THE ANALYSIS OF EFFECTIVENESS OF OSTEOSYNTHESIS METHODS IN PATIENTS WITH INJURIES TO FOREARM BONES Panov A.A., Kopysova V.A., Burnuchyan M.A., Khalaman A.G., Shashkov V.V.
THE ANALYSIS OF EFFECTIVENESS OF OSTEOSYNTHESIS METHODS IN PATIENTS WITH INJURIES TO FOREARM BONES
Panov A.A., Kopysova V.A., Burnuchyan M.A., Khalaman A.G., Shashkov V.V.

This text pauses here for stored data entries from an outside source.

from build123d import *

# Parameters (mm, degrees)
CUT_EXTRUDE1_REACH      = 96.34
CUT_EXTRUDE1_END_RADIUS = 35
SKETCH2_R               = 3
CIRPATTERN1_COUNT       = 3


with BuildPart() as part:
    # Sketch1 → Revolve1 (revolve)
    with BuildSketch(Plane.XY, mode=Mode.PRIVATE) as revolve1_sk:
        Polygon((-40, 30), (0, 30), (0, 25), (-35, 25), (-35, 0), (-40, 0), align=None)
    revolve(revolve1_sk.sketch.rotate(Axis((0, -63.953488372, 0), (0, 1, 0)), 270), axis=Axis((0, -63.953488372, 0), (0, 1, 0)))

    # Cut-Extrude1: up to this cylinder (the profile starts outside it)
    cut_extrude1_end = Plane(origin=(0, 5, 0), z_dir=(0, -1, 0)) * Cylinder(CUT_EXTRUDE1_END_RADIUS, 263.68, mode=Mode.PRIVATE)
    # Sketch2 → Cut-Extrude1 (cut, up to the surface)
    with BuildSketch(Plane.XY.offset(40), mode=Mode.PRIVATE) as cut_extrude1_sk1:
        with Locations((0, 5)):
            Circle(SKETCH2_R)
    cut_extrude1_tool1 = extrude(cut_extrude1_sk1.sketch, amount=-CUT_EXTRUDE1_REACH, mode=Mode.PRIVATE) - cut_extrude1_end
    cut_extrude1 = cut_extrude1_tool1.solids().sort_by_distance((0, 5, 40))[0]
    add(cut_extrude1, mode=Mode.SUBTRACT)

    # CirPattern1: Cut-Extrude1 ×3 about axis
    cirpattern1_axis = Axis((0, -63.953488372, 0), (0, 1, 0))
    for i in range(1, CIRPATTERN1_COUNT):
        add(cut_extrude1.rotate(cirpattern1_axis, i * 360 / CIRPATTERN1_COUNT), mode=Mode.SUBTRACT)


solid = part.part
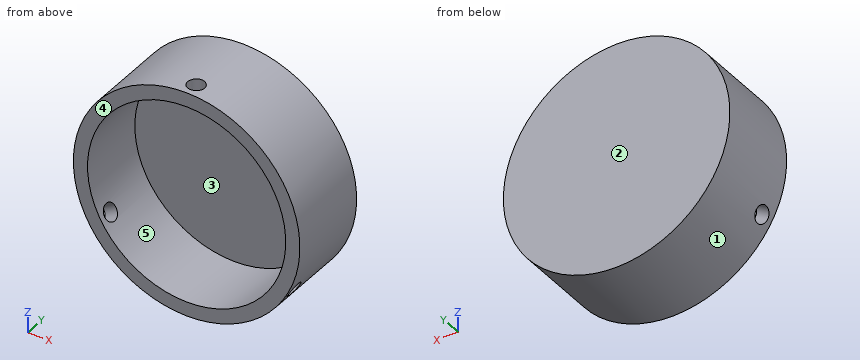
Can you work these out from the model? Positions are in its coordinate system, mm. Face numbers are marked on the shaded views. A direction names the side the tool comes from. Give positions to 0.01 mm unless a question says otherwise; leave off trailing zeros. Order: outer loops, then holes, each group sorted by start corner. A loop starts at its lowest first (then second) coordinate and runs counter-clockwise, first axis right, second up. Notation, with made-up numbers: (24, -37.5) - (81, -37.5) arc R10 ccw to (81, -24.5) - close; hole circle Ø10 at (63.5, -7). An arc over 180 degrees is marked (long way). Write each question's results on one line, items separated by ' | '.
1) Suppose I cut it at A-A, the plane x = 0. Write out the boundary of the cut face in (y, z), then the cut area to 3 significant figures.
Final values:
outline: (0, -40) - (30, -40) - (30, 40) - (8, 40) - (8, 35) - (25, 35) - (25, -35) - (0, -35) - close; (0, 35) - (2, 35) - (2, 40) - (0, 40) - close | area: 620 mm^2
2) Suppose I cut it at C-C, the plane z = 0. Write out the boundary of the cut face in (x, y).
Final values:
outline: (-40, 0) - (-35, 0) - (-35, 25) - (35, 25) - (35, 0) - (40, 0) - (40, 30) - (-40, 30) - close
3) I'm going to push flat-ended pins straight in: pin 1 Ø4 at (x, y) = (31.5, 24) entering from -Z; pin 2 Ø1 at (x, y) = (11, 11.5) entering from -Z; pin 3 Ø3 at (x, y) = (30.5, 13.5) entering from +Z. Where does each tip first touch, or does it pass through?
Final values:
pin 1: stops at z = -27.01 | pin 2: stops at z = -38.6 | pin 3: stops at z = 27.55
4) Suppose I cut it at B-B, the plane y = 5. Write out the boundary of the cut face in (x, z).
Final values:
outline: (-36.04, -17.35) - (-31.7, -14.84) arc R35 cw to (-3, 34.87) - (-3, 39.89) arc R40 ccw to start; (-33.04, -22.54) arc R40 ccw to (33.04, -22.54) - (28.7, -20.03) arc R35 cw to (-28.7, -20.03) - close; (3, 34.87) arc R35 cw to (31.7, -14.84) - (36.04, -17.35) arc R40 ccw to (3, 39.89) - close
5) If we mould it in two halves opening along Z, with no side actions, what happens to the marked faces 1, 2 and 3? For each: pulls with the +Z half, pulls with the -Z half, needs draft (parallel to the pull), parting line crosses it, or undercut.
Final values:
face 1: parting line crosses it | face 2: needs draft | face 3: undercut
6) On a 3-axis mill with a long thin cutter (end or side, diameter ignored), from which of +Z, -Z, +X, -X, +Y, -Y can I reach the whole of each face in a straight line? I mean the marked faces 4 and 5. Say none if no direction works.
Final values:
face 4: +Z, -Z, +X, -X, -Y | face 5: -Y
7) Suppose I cut it at D-D, the plane y = 21.5. Write out the boundary of the cut face in (x, z).
Final values:
outline: circle Ø80 at (0, 0); hole circle Ø70 at (0, 0)
8) Please list where these lines run through material, in increasing order: line 1 along Z through (x, y) = (0.5, 2); line 2 along X through (y, z) = (18, 1); line 3 along Y through (x, z) = (0, 38). Write a range as [from, to].
Final values:
line 1: z = [-40, -35], [35, 40] | line 2: x = [-39.99, -34.99], [34.99, 39.99] | line 3: y = [0, 2], [8, 30]

Novokuznetsk State Institute of Postgraduate Medicine,
All-Russian Scientific Practical Center of Shape Memory Implants,
OOO Grand Medica,
Novokuznetsk City Clinical Hospital No.5, Novokuznetsk, Russia
Medical Center of Healthcare CJSC Aramyants, Yerevan, Armenia
Fractures of diaphyseal segment of forearm bones consist 11.2-15.7 % among all skeletal injuries. In 50.6-77.5 % of cases, they are accompanied by displacement of bone fragments with requirement for reposition and osteosynthesis [1-3]. Reposition and preservation of stable position of bone fragments are hindered by some anatomical and functional features of the forearm: relationship of the paired bones which are connected with interosseal membrane, proximal and distal radioulnar joints, the curve of the radial bone, rotational movements of the forearm bones [4-6].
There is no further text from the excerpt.